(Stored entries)
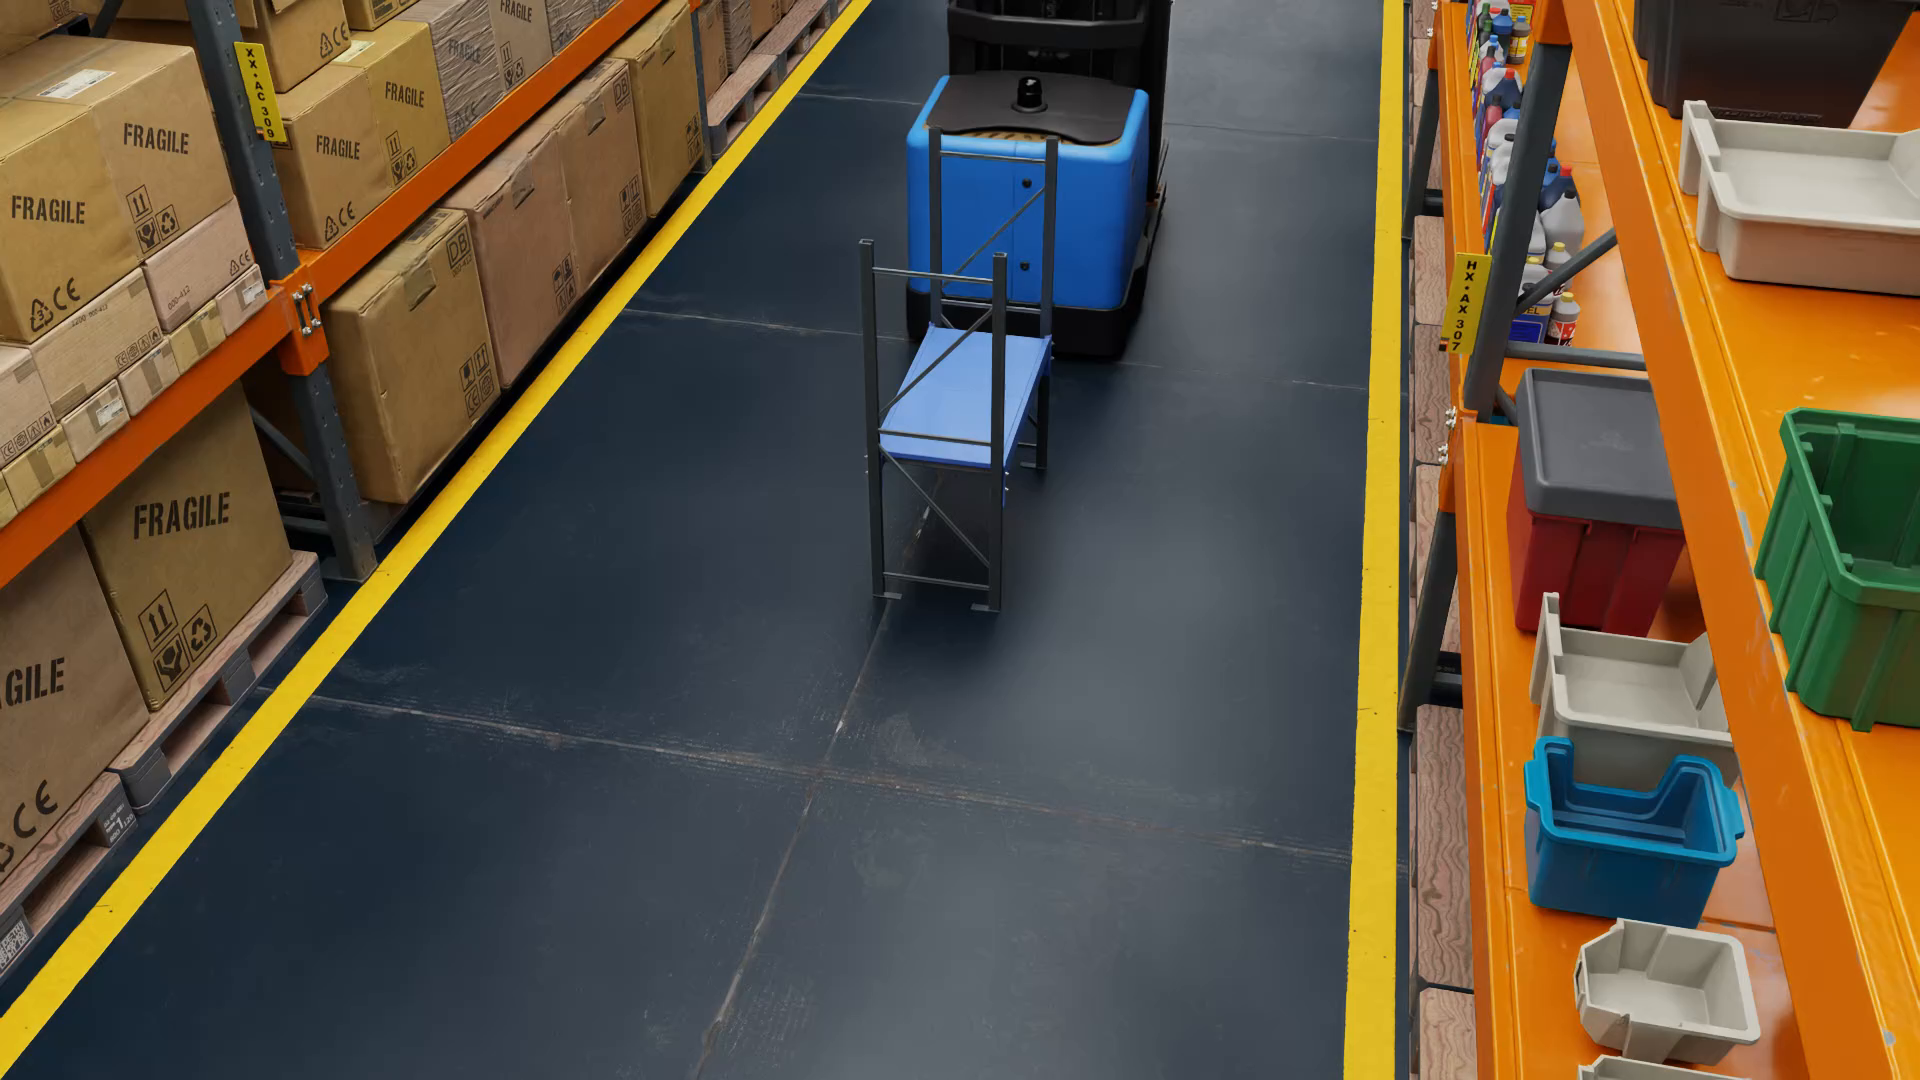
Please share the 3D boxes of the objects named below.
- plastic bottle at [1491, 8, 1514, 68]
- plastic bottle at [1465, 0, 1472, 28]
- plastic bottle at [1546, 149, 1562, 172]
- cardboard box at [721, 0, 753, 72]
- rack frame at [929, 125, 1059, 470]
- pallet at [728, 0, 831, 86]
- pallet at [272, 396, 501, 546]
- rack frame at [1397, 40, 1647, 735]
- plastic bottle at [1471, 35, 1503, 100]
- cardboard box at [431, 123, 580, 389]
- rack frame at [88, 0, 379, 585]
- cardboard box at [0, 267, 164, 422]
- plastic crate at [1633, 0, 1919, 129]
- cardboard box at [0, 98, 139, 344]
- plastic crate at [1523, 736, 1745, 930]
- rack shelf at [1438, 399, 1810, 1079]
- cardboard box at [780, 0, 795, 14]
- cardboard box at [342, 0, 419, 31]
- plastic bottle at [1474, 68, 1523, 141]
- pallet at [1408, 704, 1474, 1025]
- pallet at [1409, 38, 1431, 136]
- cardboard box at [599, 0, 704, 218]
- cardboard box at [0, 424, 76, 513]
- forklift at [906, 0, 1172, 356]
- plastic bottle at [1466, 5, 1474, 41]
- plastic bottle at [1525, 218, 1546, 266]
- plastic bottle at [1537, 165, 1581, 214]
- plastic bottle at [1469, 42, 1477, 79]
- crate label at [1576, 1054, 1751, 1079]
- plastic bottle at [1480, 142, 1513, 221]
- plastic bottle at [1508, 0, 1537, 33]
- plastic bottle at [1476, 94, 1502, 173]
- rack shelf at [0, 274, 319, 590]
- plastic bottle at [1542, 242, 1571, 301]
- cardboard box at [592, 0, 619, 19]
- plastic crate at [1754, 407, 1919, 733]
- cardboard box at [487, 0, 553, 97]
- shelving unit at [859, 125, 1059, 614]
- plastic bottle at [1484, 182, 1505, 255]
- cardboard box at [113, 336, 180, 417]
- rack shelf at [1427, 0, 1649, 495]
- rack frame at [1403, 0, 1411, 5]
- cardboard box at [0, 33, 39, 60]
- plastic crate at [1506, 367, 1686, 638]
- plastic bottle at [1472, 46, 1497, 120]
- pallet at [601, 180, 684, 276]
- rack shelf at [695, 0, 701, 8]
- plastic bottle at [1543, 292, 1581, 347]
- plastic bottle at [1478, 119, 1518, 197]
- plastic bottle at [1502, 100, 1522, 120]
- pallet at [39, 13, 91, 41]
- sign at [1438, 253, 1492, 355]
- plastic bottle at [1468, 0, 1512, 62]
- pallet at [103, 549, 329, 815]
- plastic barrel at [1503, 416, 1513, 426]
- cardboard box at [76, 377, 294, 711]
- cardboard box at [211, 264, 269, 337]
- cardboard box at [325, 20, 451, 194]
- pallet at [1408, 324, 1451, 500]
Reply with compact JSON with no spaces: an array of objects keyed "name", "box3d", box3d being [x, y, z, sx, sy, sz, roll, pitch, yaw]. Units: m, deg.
[{"name":"plastic bottle","box3d":[2.385,-2.212,7.356,0.097,0.271,0.097,0,36,0]},{"name":"plastic bottle","box3d":[2.476,-2.550,7.818,0.152,0.276,0.135,7,37,10]},{"name":"plastic bottle","box3d":[2.139,-1.300,6.097,0.097,0.271,0.097,0,36,0]},{"name":"cardboard box","box3d":[-1.725,-3.301,10.503,0.700,0.500,0.500,4,36,6]},{"name":"rack frame","box3d":[0.127,-0.948,6.779,0.500,1.500,0.032,7,37,10]},{"name":"pallet","box3d":[-1.523,-3.445,11.323,1.003,0.211,1.213,7,37,10]},{"name":"pallet","box3d":[-2.717,-0.458,7.202,1.003,0.211,1.213,7,37,10]},{"name":"rack frame","box3d":[2.030,-0.514,4.904,1.000,3.000,0.127,7,37,10]},{"name":"plastic bottle","box3d":[2.248,-2.011,7.078,0.097,0.271,0.097,0,36,0]},{"name":"cardboard box","box3d":[-2.501,-1.327,7.477,1.225,0.875,0.875,6,36,8]},{"name":"rack frame","box3d":[-2.809,-1.135,5.760,1.000,3.000,0.127,7,37,10]},{"name":"cardboard box","box3d":[-2.755,-0.612,4.913,0.500,0.250,0.500,8,37,11]},{"name":"plastic crate","box3d":[1.497,-0.998,3.127,0.497,0.269,0.590,7,37,10]},{"name":"cardboard box","box3d":[-2.757,-0.915,4.692,0.500,0.500,0.500,8,37,10]},{"name":"plastic crate","box3d":[1.364,0.613,3.440,0.416,0.233,0.300,7,37,10]},{"name":"rack shelf","box3d":[1.603,0.923,3.533,1.077,0.370,4.000,7,37,10]},{"name":"cardboard box","box3d":[-1.491,-3.947,11.394,0.700,0.500,0.500,4,36,6]},{"name":"cardboard box","box3d":[-2.522,-2.341,6.484,0.797,0.503,0.637,8,37,10]},{"name":"plastic bottle","box3d":[2.180,-1.755,6.721,0.152,0.276,0.135,7,37,10]},{"name":"pallet","box3d":[1.911,1.041,5.134,1.003,0.211,1.213,7,37,10]},{"name":"pallet","box3d":[3.351,-2.815,10.454,1.003,0.211,1.213,7,37,10]},{"name":"cardboard box","box3d":[-2.122,-2.345,8.882,1.225,0.875,0.875,6,36,8]},{"name":"cardboard box","box3d":[-2.773,-0.228,4.722,0.380,0.149,0.250,8,37,11]},{"name":"forklift","box3d":[0.535,-2.916,8.276,1.130,2.935,3.031,7,36,9]},{"name":"plastic bottle","box3d":[2.404,-2.401,7.676,0.097,0.201,0.097,0,36,0]},{"name":"plastic bottle","box3d":[1.876,-0.940,5.597,0.152,0.276,0.135,7,37,10]},{"name":"plastic bottle","box3d":[2.087,-1.150,5.823,0.144,0.351,0.185,7,37,10]},{"name":"plastic bottle","box3d":[2.297,-2.115,7.281,0.097,0.201,0.097,0,36,0]},{"name":"crate label","box3d":[1.285,1.044,2.927,0.396,0.136,0.243,7,37,10]},{"name":"plastic bottle","box3d":[2.013,-1.306,6.102,0.152,0.276,0.135,7,37,10]},{"name":"plastic bottle","box3d":[2.625,-2.531,7.792,0.152,0.276,0.135,7,37,10]},{"name":"plastic bottle","box3d":[2.067,-1.581,6.474,0.061,0.283,0.133,7,37,10]},{"name":"rack shelf","box3d":[-3.236,0.303,4.390,1.077,0.370,4.000,7,37,10]},{"name":"plastic bottle","box3d":[2.002,-0.905,5.612,0.097,0.201,0.097,0,36,0]},{"name":"cardboard box","box3d":[-1.930,-2.870,8.069,0.500,0.500,0.500,7,37,10]},{"name":"plastic crate","box3d":[1.107,0.049,1.751,0.450,0.188,0.336,7,37,10]},{"name":"cardboard box","box3d":[-2.147,-2.280,7.255,0.500,0.500,0.500,8,37,11]},{"name":"shelving unit","box3d":[0.018,-0.656,6.377,0.538,1.500,1.048,7,37,10]},{"name":"plastic bottle","box3d":[1.946,-1.168,5.848,0.144,0.351,0.185,7,37,10]},{"name":"cardboard box","box3d":[-2.663,-0.523,5.130,0.380,0.149,0.250,7,36,9]},{"name":"rack shelf","box3d":[2.457,-1.370,6.697,1.077,0.370,4.000,7,37,10]},{"name":"rack frame","box3d":[3.739,-5.101,11.232,1.000,3.000,0.127,7,37,10]},{"name":"cardboard box","box3d":[-3.161,-1.256,5.162,0.500,0.500,0.500,7,37,10]},{"name":"plastic crate","box3d":[1.594,-0.084,4.205,0.402,0.464,0.583,7,37,10]},{"name":"plastic bottle","box3d":[2.185,-1.896,6.910,0.061,0.283,0.133,7,37,10]},{"name":"pallet","box3d":[-2.196,-1.857,9.132,1.003,0.211,1.213,7,37,10]},{"name":"rack shelf","box3d":[-1.527,-4.284,10.718,1.077,0.370,4.000,7,37,10]},{"name":"plastic bottle","box3d":[1.924,-0.696,5.323,0.097,0.201,0.097,0,36,0]},{"name":"plastic bottle","box3d":[2.062,-1.439,6.286,0.152,0.276,0.135,7,37,10]},{"name":"plastic bottle","box3d":[2.148,-1.576,6.479,0.097,0.271,0.097,0,36,0]},{"name":"pallet","box3d":[-6.536,-3.422,11.291,1.003,0.211,1.213,7,37,10]},{"name":"sign","box3d":[1.493,-0.697,4.919,0.100,0.325,0.005,7,37,10]},{"name":"plastic bottle","box3d":[2.377,-2.285,7.452,0.152,0.276,0.135,7,37,10]},{"name":"pallet","box3d":[-3.047,0.420,5.991,1.003,0.211,1.213,7,37,10]},{"name":"plastic barrel","box3d":[2.163,-0.145,5.824,0.600,0.901,0.708,7,37,10]},{"name":"cardboard box","box3d":[-3.028,-0.077,5.752,0.875,0.875,0.875,7,37,10]},{"name":"cardboard box","box3d":[-2.554,-0.818,5.536,0.380,0.149,0.250,8,37,10]},{"name":"cardboard box","box3d":[-2.360,-1.697,6.450,0.500,0.500,0.500,7,37,10]},{"name":"pallet","box3d":[2.494,-0.524,7.293,1.003,0.211,1.213,7,37,10]}]

**WHAT THE TASK REQUIRES**
Reproduce verbatim the lines above, from the line with "- plastic bottle at [1471, 35, 1503, 100]" through the line with "- cardboard box at [0, 33, 39, 60]".

**ANSWER TO THE PROBLEM**
- plastic bottle at [1471, 35, 1503, 100]
- cardboard box at [431, 123, 580, 389]
- rack frame at [88, 0, 379, 585]
- cardboard box at [0, 267, 164, 422]
- plastic crate at [1633, 0, 1919, 129]
- cardboard box at [0, 98, 139, 344]
- plastic crate at [1523, 736, 1745, 930]
- rack shelf at [1438, 399, 1810, 1079]
- cardboard box at [780, 0, 795, 14]
- cardboard box at [342, 0, 419, 31]
- plastic bottle at [1474, 68, 1523, 141]
- pallet at [1408, 704, 1474, 1025]
- pallet at [1409, 38, 1431, 136]
- cardboard box at [599, 0, 704, 218]
- cardboard box at [0, 424, 76, 513]
- forklift at [906, 0, 1172, 356]
- plastic bottle at [1466, 5, 1474, 41]
- plastic bottle at [1525, 218, 1546, 266]
- plastic bottle at [1537, 165, 1581, 214]
- plastic bottle at [1469, 42, 1477, 79]
- crate label at [1576, 1054, 1751, 1079]
- plastic bottle at [1480, 142, 1513, 221]
- plastic bottle at [1508, 0, 1537, 33]
- plastic bottle at [1476, 94, 1502, 173]
- rack shelf at [0, 274, 319, 590]
- plastic bottle at [1542, 242, 1571, 301]
- cardboard box at [592, 0, 619, 19]
- plastic crate at [1754, 407, 1919, 733]
- cardboard box at [487, 0, 553, 97]
- shelving unit at [859, 125, 1059, 614]
- plastic bottle at [1484, 182, 1505, 255]
- cardboard box at [113, 336, 180, 417]
- rack shelf at [1427, 0, 1649, 495]
- rack frame at [1403, 0, 1411, 5]
- cardboard box at [0, 33, 39, 60]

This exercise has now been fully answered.